•1•

19.8K 657 343
                                    


Önemli...

Bu hikaye Teşekkür ederim adlı hikayede geçen "Mete" karakterinin hikayesidir. Ve Teşekkür ederim okunmadan okunması tavsiye edilmez. Önce onu okumanız, sonra buna gelmeniz anlatım açısından daha iyidir.

İyi okumalar♥️



Büyük bağırışlardan sonra hep kötü birşey olur. Eğer ki bu bağrışlarla beraber abiniz sizi yatağınızdan sertçe yere atmaya çalışıyorsa, orada daha da kötü şeyler oluyor demektir.

Genç çocuk mızmızlanıyor ve okul için kalkmak istemiyordu.
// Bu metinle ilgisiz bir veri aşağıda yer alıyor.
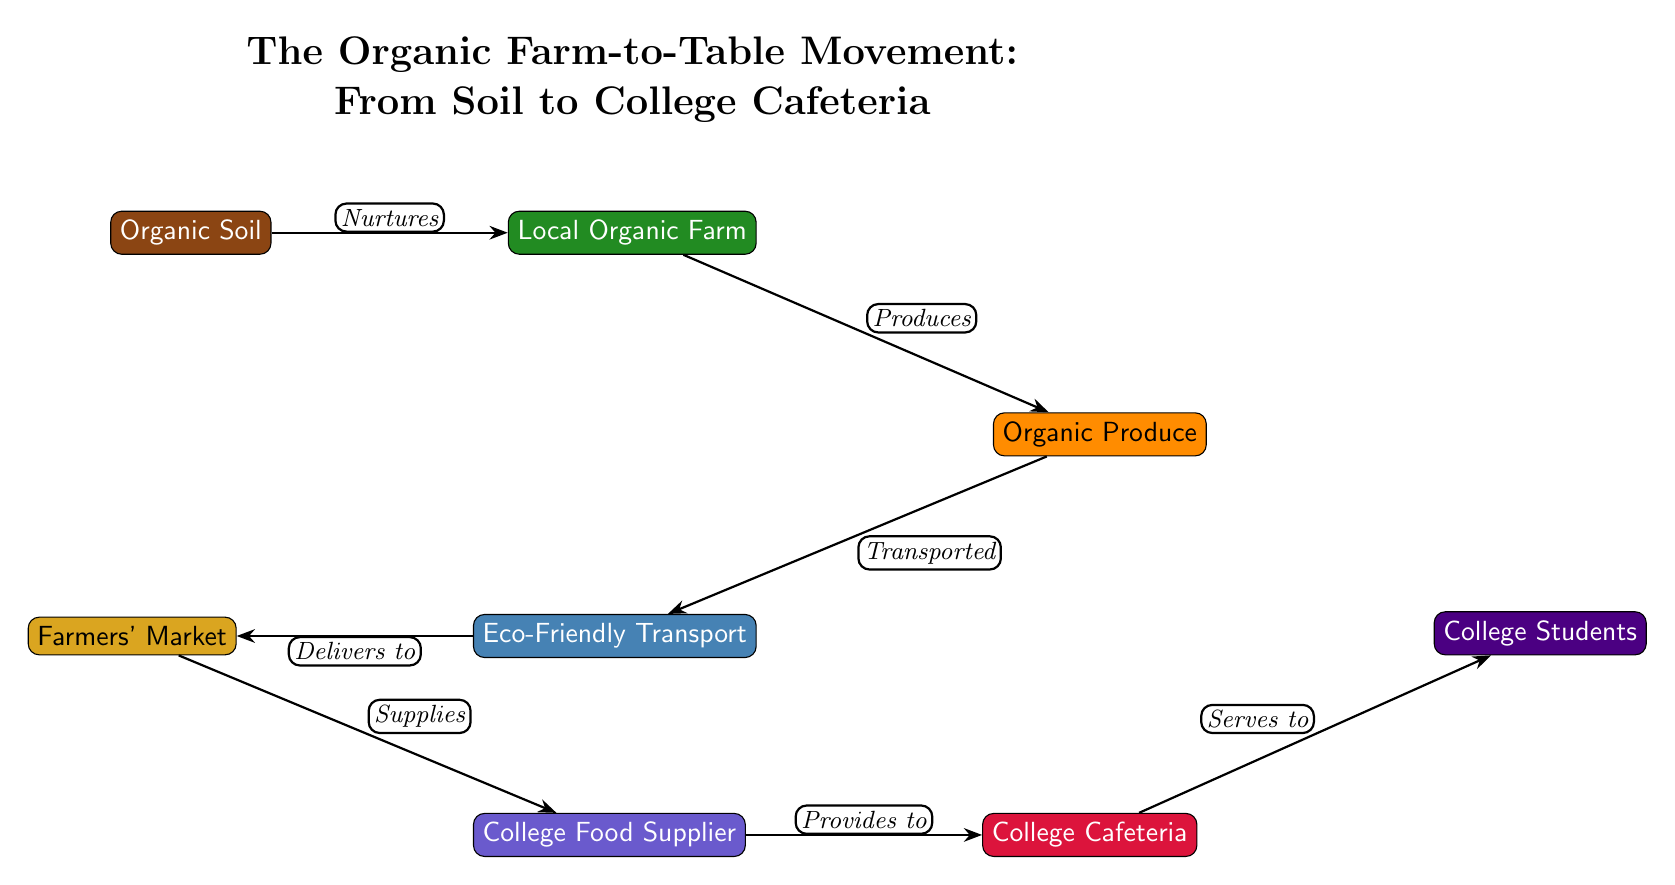What is the first node in the diagram? The first node is labeled "Organic Soil," which is positioned at the top left of the diagram.
Answer: Organic Soil How many nodes are there in total? By counting each labeled node in the diagram, we find there are seven distinct nodes present.
Answer: 7 What relationship exists between the farm and organic produce? The diagram indicates that the farm produces organic produce, as noted by the edge labeled "Produces."
Answer: Produces Which node serves to college students? The diagram shows that the final node, labeled "College Cafeteria," serves to college students, as indicated by the edge labeled "Serves to."
Answer: College Cafeteria What type of transport is used in this movement? The node indicates "Eco-Friendly Transport," specifying the nature of transportation in this food chain.
Answer: Eco-Friendly Transport What is the connection between market and college food supplier? The diagram highlights that the market supplies the college food supplier, detailed by the edge labeled "Supplies."
Answer: Supplies Which node is directly connected to the organic soil? The node directly connected to organic soil is the local organic farm, indicated by the edge labeled "Nurtures."
Answer: Local Organic Farm What is transported from the produce node? The diagram defines that the organic produce is transported, denoted by the label "Transported."
Answer: Organic Produce What is the overall theme of the diagram? The title of the diagram describes it as "The Organic Farm-to-Table Movement: From Soil to College Cafeteria," clearly defining its theme.
Answer: The Organic Farm-to-Table Movement

Ama abisi onu değişik uyandırma şekilleriyle uyandırmaya çalışıyordu.

"Mete hemen kalk yoksa üzerine su dökeceğim! Saat kaç oldu geç kalacaksın! Daha kahvaltı yapacaksın!"

"Ya abi birazcık daha uyuyabilir miyim?"

"Bak kalkmazsan Uğur'u çağıracağım, o bir şey deyince hemen yapıyorsun."

"Tamam, tamam eniştemi çağırma kalktım."

Yaklaştık on yaşlarına geldiğinde artık Uğur abi değilde enişte demeye başlamıştı. Tabi bu Uğur'un da çok hoşuna gitmişti.

"Bak hala kalmıyor! Geç kalacaksın! Hem hızlı ol bugün Deniz için bakıcı gelecek."
Deniz Uğur ile Doğan'nın evlatlık aldıkları kızlarıydı. Daha bir buçuk yaşındaydı ve onu çok seviyorlardı.

"Kim ki bu bakıcı?"

"Genç biriymiş, paraya ihtiyacı olduğu için onu seçmemizi istedi bizde onu seçtik. Umarım iyidir."

"Merak etme yiğenime zarar veren her hangi birini keserim."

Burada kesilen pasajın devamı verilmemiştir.